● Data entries

____

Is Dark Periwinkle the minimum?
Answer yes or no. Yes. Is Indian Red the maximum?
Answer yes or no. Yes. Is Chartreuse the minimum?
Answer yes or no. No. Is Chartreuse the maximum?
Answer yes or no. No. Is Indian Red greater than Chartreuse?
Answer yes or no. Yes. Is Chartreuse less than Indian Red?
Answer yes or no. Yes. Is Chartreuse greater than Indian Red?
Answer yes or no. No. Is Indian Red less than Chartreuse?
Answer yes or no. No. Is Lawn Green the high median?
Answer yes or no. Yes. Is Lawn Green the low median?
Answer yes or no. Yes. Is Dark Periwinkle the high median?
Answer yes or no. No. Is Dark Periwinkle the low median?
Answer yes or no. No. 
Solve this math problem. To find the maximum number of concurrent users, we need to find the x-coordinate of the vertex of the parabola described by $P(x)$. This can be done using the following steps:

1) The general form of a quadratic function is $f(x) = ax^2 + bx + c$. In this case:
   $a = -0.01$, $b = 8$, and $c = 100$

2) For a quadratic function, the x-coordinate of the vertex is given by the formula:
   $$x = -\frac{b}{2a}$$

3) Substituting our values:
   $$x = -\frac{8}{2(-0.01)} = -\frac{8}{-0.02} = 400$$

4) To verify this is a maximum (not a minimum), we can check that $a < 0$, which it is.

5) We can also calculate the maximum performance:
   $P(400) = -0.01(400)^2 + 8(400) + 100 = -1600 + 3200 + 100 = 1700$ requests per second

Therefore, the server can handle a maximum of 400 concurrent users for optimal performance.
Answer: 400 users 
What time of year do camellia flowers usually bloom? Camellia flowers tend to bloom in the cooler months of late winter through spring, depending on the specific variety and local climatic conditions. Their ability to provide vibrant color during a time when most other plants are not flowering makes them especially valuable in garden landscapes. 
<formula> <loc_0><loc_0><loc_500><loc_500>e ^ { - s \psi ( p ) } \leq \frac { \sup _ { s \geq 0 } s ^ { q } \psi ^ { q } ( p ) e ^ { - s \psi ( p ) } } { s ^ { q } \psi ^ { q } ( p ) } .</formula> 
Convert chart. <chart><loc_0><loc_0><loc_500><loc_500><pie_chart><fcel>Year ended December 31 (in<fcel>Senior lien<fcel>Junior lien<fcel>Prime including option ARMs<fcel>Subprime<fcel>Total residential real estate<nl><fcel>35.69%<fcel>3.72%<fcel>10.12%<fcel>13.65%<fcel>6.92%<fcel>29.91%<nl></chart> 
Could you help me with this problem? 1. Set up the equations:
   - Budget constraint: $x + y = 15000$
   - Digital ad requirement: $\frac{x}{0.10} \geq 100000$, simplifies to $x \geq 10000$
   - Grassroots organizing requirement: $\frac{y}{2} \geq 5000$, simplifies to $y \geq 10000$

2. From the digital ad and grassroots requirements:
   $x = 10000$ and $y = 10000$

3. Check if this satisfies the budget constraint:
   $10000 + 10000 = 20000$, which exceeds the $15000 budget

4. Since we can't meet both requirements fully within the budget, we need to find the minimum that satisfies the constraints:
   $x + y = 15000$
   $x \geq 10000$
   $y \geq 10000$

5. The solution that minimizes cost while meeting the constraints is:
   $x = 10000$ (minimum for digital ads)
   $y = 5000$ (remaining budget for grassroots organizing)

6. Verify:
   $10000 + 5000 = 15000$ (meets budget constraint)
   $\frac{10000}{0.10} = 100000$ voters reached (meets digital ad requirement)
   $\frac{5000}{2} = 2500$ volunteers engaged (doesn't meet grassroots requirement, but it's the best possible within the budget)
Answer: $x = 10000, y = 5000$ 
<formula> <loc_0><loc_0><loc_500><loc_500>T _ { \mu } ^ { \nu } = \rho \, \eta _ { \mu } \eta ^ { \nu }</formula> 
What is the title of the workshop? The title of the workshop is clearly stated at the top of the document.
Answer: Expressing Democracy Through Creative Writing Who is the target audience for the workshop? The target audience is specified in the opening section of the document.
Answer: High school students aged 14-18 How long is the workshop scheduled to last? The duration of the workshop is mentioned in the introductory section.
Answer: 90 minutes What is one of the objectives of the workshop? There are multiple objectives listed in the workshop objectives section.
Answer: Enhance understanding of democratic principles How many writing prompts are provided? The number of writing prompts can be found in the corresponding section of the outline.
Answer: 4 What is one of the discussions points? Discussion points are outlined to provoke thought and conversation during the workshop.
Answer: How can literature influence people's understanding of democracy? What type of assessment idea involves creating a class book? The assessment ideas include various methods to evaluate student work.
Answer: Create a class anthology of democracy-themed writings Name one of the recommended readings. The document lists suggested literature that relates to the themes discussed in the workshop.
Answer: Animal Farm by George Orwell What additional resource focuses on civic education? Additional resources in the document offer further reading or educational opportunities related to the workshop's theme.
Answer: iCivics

____

● Assignment
Taking the entries above, print exactly the lines starting at the line with "Answer yes or no. No. Is Dark" and ending at the line with "1) The general", both included.

● Worked solution
Answer yes or no. No. Is Dark Periwinkle the low median?
Answer yes or no. No. 
Solve this math problem. To find the maximum number of concurrent users, we need to find the x-coordinate of the vertex of the parabola described by $P(x)$. This can be done using the following steps:

1) The general form of a quadratic function is $f(x) = ax^2 + bx + c$. In this case:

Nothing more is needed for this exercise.